> _Instructions to follow_
Once you find the line with "Use a YAML list" in the entries below, return exactly every line from it through the line with "center: [0.940, 0.126, 1.923]".

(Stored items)
* * *

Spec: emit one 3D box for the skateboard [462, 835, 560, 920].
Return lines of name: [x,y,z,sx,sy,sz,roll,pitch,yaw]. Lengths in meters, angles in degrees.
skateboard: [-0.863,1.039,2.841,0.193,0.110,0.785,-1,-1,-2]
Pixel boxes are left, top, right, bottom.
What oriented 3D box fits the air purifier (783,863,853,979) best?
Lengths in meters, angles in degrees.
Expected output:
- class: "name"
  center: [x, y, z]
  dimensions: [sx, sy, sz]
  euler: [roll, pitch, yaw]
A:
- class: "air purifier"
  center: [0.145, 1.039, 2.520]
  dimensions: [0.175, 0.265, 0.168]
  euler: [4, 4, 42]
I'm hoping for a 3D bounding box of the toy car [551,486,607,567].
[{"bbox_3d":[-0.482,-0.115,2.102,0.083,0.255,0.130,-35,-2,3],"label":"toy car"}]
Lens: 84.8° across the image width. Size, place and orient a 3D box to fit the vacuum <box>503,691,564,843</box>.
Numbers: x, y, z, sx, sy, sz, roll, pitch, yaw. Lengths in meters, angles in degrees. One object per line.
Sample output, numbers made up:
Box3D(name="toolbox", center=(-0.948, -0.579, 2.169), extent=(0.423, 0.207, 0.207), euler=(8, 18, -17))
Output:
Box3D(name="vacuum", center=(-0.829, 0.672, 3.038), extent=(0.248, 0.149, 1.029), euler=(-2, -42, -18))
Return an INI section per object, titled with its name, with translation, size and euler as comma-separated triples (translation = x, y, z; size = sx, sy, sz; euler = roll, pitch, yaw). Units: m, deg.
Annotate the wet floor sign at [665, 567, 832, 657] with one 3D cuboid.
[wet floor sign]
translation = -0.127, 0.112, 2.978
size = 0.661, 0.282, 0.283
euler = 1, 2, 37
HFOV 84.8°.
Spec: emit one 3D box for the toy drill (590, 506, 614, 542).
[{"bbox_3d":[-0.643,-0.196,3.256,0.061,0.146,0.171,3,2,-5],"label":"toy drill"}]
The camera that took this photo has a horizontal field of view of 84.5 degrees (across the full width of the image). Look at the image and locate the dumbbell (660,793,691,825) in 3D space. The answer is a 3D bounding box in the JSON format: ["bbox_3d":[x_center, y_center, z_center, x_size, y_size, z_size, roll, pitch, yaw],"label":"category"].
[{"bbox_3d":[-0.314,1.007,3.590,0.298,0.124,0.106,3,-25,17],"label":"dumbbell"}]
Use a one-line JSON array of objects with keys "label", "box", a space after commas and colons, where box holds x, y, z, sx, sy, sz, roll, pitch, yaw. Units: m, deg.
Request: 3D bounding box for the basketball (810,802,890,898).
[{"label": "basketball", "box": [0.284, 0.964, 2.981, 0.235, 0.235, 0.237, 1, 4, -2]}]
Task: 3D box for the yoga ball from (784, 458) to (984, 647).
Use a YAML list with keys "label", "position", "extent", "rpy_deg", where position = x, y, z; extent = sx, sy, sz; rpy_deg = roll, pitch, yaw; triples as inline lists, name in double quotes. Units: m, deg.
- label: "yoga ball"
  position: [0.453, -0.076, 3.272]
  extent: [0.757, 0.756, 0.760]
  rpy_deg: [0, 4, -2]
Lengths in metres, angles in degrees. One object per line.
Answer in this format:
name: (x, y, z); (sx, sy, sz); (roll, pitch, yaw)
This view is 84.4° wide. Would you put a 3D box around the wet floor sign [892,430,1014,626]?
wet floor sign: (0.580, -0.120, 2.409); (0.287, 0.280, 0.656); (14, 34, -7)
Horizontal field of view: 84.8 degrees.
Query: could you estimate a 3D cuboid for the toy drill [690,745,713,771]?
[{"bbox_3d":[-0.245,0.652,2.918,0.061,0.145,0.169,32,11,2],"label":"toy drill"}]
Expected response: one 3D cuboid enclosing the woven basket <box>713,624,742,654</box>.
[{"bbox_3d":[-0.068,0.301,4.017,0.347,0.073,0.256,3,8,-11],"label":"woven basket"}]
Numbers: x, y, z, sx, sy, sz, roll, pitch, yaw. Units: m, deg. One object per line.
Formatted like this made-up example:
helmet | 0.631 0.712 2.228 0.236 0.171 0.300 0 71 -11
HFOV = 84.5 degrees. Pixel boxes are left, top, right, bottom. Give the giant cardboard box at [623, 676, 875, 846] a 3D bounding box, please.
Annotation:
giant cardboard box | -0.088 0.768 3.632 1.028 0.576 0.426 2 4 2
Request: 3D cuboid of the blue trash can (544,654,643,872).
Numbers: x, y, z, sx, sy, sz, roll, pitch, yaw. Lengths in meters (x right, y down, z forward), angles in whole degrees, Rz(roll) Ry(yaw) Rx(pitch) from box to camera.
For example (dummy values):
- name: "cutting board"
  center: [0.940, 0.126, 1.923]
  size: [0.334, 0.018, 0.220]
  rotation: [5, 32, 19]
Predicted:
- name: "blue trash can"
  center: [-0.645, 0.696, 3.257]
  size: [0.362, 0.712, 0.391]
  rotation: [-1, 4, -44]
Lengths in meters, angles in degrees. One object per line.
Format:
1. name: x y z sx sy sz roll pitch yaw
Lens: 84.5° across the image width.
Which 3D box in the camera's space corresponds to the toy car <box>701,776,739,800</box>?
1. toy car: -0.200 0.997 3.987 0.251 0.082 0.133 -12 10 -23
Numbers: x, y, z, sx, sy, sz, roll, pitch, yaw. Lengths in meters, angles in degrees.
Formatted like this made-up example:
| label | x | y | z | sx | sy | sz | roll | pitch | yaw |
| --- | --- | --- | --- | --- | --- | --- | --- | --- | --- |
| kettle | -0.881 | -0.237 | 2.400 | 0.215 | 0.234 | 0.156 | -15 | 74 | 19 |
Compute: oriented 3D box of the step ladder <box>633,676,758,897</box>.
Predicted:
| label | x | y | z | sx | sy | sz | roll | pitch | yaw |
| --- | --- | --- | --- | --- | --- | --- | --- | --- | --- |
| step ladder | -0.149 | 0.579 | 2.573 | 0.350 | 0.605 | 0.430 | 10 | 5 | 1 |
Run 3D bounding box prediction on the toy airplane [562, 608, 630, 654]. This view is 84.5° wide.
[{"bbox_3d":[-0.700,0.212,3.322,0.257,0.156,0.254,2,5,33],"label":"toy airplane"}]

* * *

> _Result of the task_
Use a YAML list with keys "label", "position", "extent", "rpy_deg", where position = x, y, z; extent = sx, sy, sz; rpy_deg = roll, pitch, yaw; triples as inline lists, name in double quotes. Units: m, deg.
- label: "yoga ball"
  position: [0.453, -0.076, 3.272]
  extent: [0.757, 0.756, 0.760]
  rpy_deg: [0, 4, -2]
Lengths in metres, angles in degrees. One object per line.
Answer in this format:
name: (x, y, z); (sx, sy, sz); (roll, pitch, yaw)
This view is 84.4° wide. Would you put a 3D box around the wet floor sign [892,430,1014,626]?
wet floor sign: (0.580, -0.120, 2.409); (0.287, 0.280, 0.656); (14, 34, -7)
Horizontal field of view: 84.8 degrees.
Query: could you estimate a 3D cuboid for the toy drill [690,745,713,771]?
[{"bbox_3d":[-0.245,0.652,2.918,0.061,0.145,0.169,32,11,2],"label":"toy drill"}]
Expected response: one 3D cuboid enclosing the woven basket <box>713,624,742,654</box>.
[{"bbox_3d":[-0.068,0.301,4.017,0.347,0.073,0.256,3,8,-11],"label":"woven basket"}]
Numbers: x, y, z, sx, sy, sz, roll, pitch, yaw. Units: m, deg. One object per line.
Formatted like this made-up example:
helmet | 0.631 0.712 2.228 0.236 0.171 0.300 0 71 -11
HFOV = 84.5 degrees. Pixel boxes are left, top, right, bottom. Give the giant cardboard box at [623, 676, 875, 846] a 3D bounding box, please.
Annotation:
giant cardboard box | -0.088 0.768 3.632 1.028 0.576 0.426 2 4 2
Request: 3D cuboid of the blue trash can (544,654,643,872).
Numbers: x, y, z, sx, sy, sz, roll, pitch, yaw. Lengths in meters (x right, y down, z forward), angles in whole degrees, Rz(roll) Ry(yaw) Rx(pitch) from box to camera.
For example (dummy values):
- name: "cutting board"
  center: [0.940, 0.126, 1.923]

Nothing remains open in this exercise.